··· Given records ···

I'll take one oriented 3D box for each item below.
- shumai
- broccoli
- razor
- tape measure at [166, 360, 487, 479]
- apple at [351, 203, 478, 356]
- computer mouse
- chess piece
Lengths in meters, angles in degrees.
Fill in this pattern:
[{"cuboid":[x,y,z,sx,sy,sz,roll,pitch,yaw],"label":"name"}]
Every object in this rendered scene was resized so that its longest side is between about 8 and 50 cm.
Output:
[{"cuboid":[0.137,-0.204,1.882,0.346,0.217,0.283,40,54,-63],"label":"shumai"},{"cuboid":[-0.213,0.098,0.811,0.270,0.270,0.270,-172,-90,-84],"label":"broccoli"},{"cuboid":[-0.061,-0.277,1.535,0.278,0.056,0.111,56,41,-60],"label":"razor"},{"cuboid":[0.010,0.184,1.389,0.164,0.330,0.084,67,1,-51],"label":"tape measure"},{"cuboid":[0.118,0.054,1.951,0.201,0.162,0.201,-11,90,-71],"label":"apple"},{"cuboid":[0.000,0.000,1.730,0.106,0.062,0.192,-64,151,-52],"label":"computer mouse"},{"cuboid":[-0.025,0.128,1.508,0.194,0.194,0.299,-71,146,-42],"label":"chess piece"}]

···

Work request: Show every line in the entries where the string "this" occurs.

Reply to the exercise:
Fill in this pattern:
Every object in this rendered scene was resized so that its longest side is between about 8 and 50 cm.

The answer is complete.